When Alex heard nothing from Cay, he assumed she was changing her clothes, so he didn’t want to bother her. He set the bag down by the door and walked quietly to the back of the store. There were cabinets full of clothing there, none of it of the quality he was sure she was used to, but of sturdy, serviceable cloth and well made. It took him only moments to strip off his torn, dirty clothing and put on new fawn-colored breeches that hugged his thighs, a white shirt with a cravat that tied about his neck, and a long vest of dark green. When he saw a shelf full of wide-brimmed straw hats, he took one. It would protect him from the Florida sun. As he looked down at himself, he fancied that he looked like a rich plantation owner, certainly not an escaped convict recently from the Highlands of Scotland.
Smiling, he stepped out to show Cay and to see what she’d found to wear, but when he saw her, he halted.
There was a tall mirror on a stand in the back, and she was standing before it, a brush in her hand, and quietly stroking her hair. He would have said that he was used to the sight of her by now, but he’d never seen her without the covering of the cloak. Her dress was tattered along the hem and he saw places that weren’t in the best repair, but it was still a beautiful gown. The neckline was low and her breasts rounded over the top. Short sleeves exposed her long, bare arms, and he could see they were well shaped by years of dealing with stubborn horses. The white gown was tight over her breasts, tied with a ribbon just below, then fell loose to the floor.
He stood still for a moment, watching her, and thought of how she’d dressed to go to a ball in Charleston. She’d probably imagined moonlight trysts with young men, maybe even adding another marriage proposal to her repertoire that she’d tell her grandchildren about.

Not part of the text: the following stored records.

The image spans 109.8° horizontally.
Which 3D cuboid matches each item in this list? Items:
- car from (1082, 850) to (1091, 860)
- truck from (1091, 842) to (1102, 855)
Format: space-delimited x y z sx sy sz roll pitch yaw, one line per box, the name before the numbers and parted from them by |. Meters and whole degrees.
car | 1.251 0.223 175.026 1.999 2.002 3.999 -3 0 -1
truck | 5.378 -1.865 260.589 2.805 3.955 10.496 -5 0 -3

But because of her good nature, she’d agreed to do something that few wealthy—or poor, for that matter—young women would do. She’d risked her life to save a man she’d never met, a man she had reason to believe was guilty of murder.
He kept watching as she brushed her hair, and he figured she was thinking that it would be the last time. And he knew by the look of loss on her face that she was going to agree to cut it.
How he wished he could turn the clock back! If he could, he’d go back . . . He couldn’t think of that because he knew he’d go back to the time when he’d been the happiest in his life, when he’d married Lilith.
Taking a deep breath, Alex stepped out from between the shelves full of goods and went to her. “May I have this dance, Miss Cay?”
He held out his arms for her and hoped that she didn’t mind about his dirty hair, and the stench of the prison that was still on his body.
But she had been taught her m
anners well. She smiled graciously at him, held up her skirt, and put her other hand in his. As Alex put his fingertips at her waist, he wished he had music, but the best he could do was hum an old, slow Scottish ballad that his mother used to sing to him. It wasn’t a proper dance, with the intricate changing of partners, but a private one, just between the two of them.
When she began to hum with him, showing that she knew the song, his smile broadened, and he swirled her about the room, between tables and shelves, in front of the counter and behind it. When she reached out and took a dark brown bottle and set in on the counter, he laughed out loud. She wasn’t forgetting the business side of why they were there.
It was several minutes before he took her back to the mirror, then bowed as he stepped away from her. “I must say, Miss Cay, that I have never enjoyed a dance as much as I did that one.”